## The problem
Copy exactly, line for line, the part of the listing from the line containing "Please give me" through its last line, and nothing else.

## Exercise data
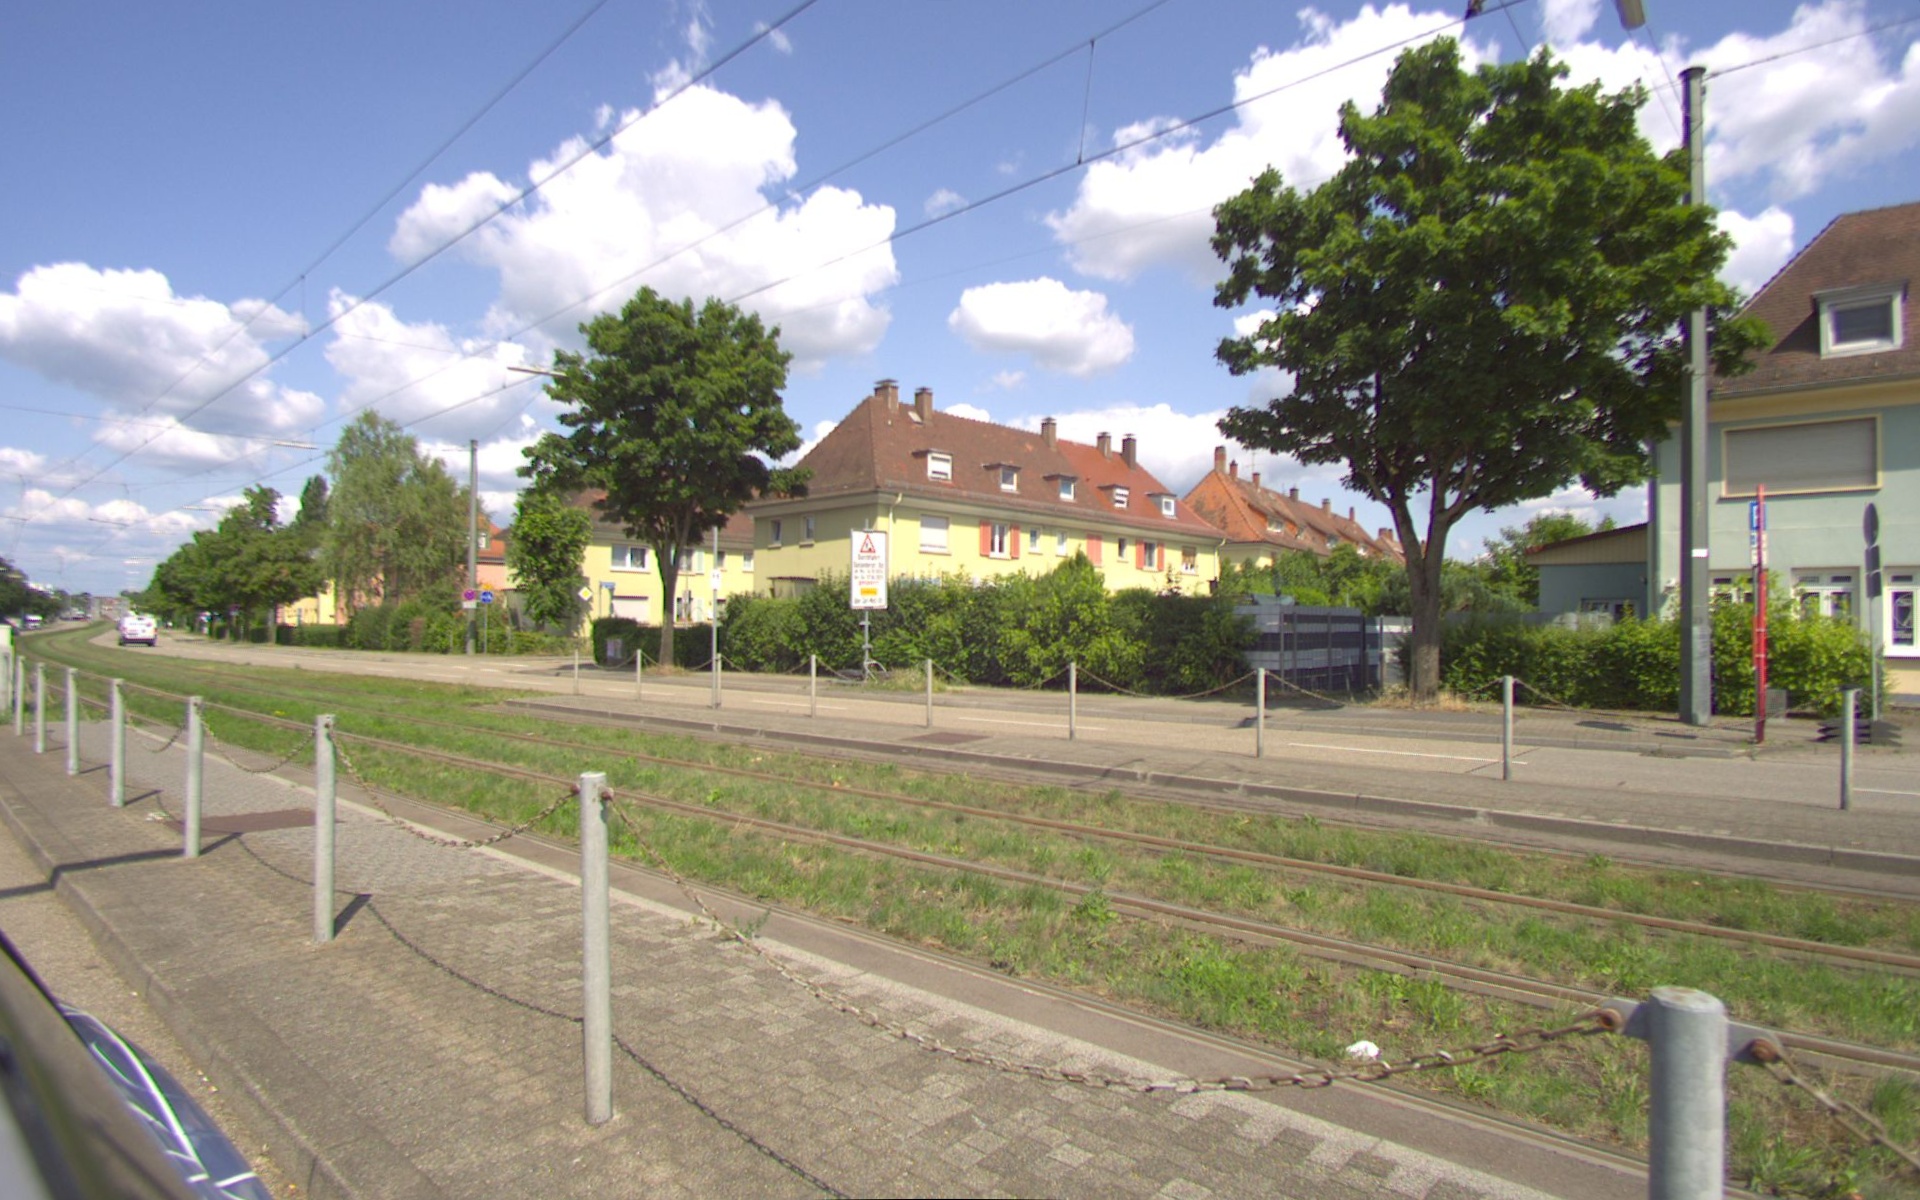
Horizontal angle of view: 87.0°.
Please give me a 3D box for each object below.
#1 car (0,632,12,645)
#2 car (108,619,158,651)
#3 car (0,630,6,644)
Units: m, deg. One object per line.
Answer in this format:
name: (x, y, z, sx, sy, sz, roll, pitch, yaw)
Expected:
car: (-118.543, 4.779, 124.971, 1.969, 1.497, 4.005, 0, -1, -42)
car: (-64.461, 2.694, 78.854, 5.331, 2.390, 2.173, -1, -3, 42)
car: (-107.224, 4.139, 112.213, 1.969, 1.497, 4.005, 0, -1, -42)

## Answer below
Please give me a 3D box for each object below.
#1 car (0,632,12,645)
#2 car (108,619,158,651)
#3 car (0,630,6,644)
Units: m, deg. One object per line.
Answer in this format:
name: (x, y, z, sx, sy, sz, roll, pitch, yaw)
Expected:
car: (-118.543, 4.779, 124.971, 1.969, 1.497, 4.005, 0, -1, -42)
car: (-64.461, 2.694, 78.854, 5.331, 2.390, 2.173, -1, -3, 42)
car: (-107.224, 4.139, 112.213, 1.969, 1.497, 4.005, 0, -1, -42)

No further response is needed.